A QUIET ROW ON THE “BROAD LAKE.”

Lake George can be the calmest and loveliest sheet of water that ever was shut in by mountain walls, but like all mountain lakes it is very fickle. If you have never seen it "cut up its didos," you do not yet really know our Lake. In the fall, when the tourists have gone and the hotels and cottages are quiet, Lake George now and then gets into a great rage and becomes quite sublime.

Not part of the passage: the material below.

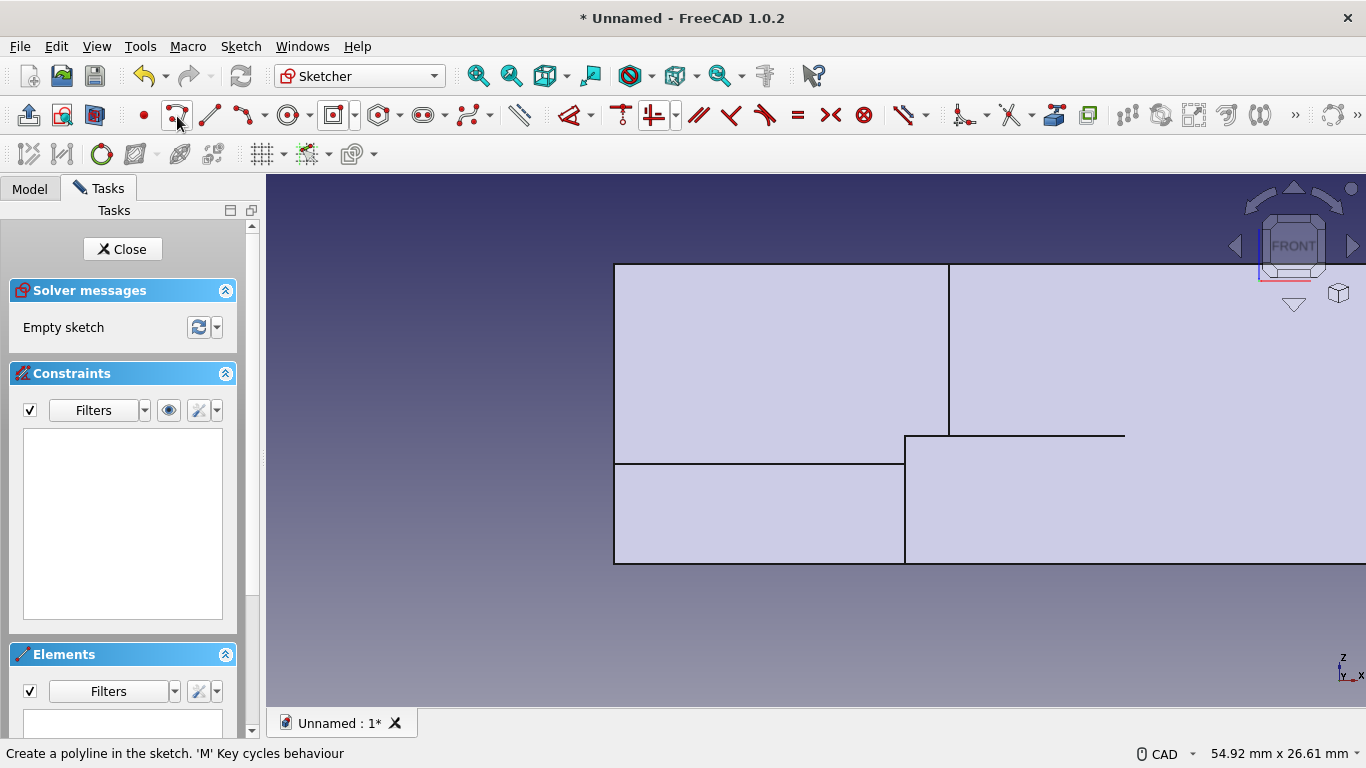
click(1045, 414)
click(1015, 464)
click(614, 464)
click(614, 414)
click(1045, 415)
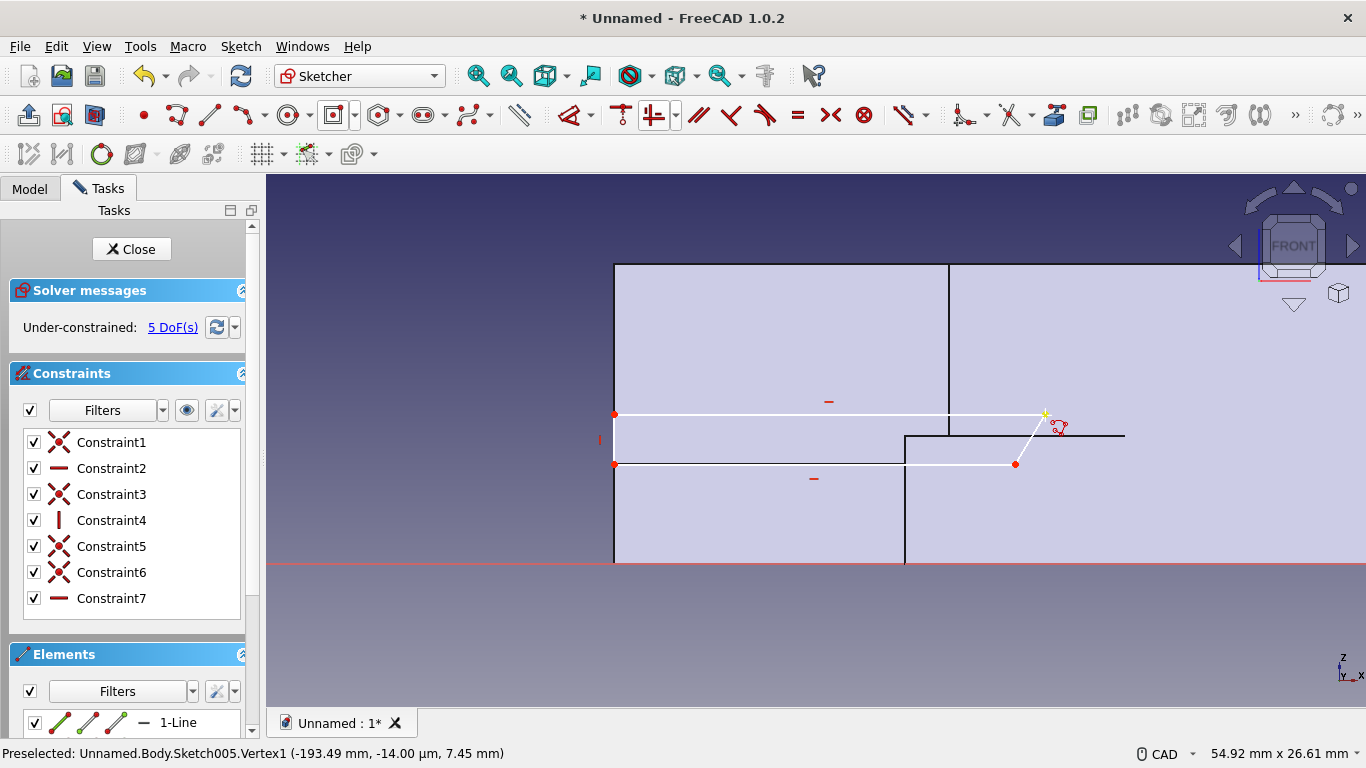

One day in the latter part of October, there came into our bay a trim little sloop-rigged sailboat, with three men aboard. They were after the ducks that always make Dunham's Bay a resting-place on their long autumn journey to the southward. This little yacht, if I may call it one, had not been long in view when there broke upon the lake a fierce, cold, north wind, driving the whitecaps up into the bay like a frightened flock of sheep.

The sailboat could now stand only the mainsail, and even with that it reeled and tumbled about fearfully in the hands of its unskilled crew, and two or three times it was nearly driven ashore, for the men seemed quite unable to make it beat up into the wind.

“CHARLIE BROUGHT THE BOW OF THE BOAT TO THE MAN IN THE WATER AND TOOK HIM ABOARD.” ([SEE NEXT PAGE.])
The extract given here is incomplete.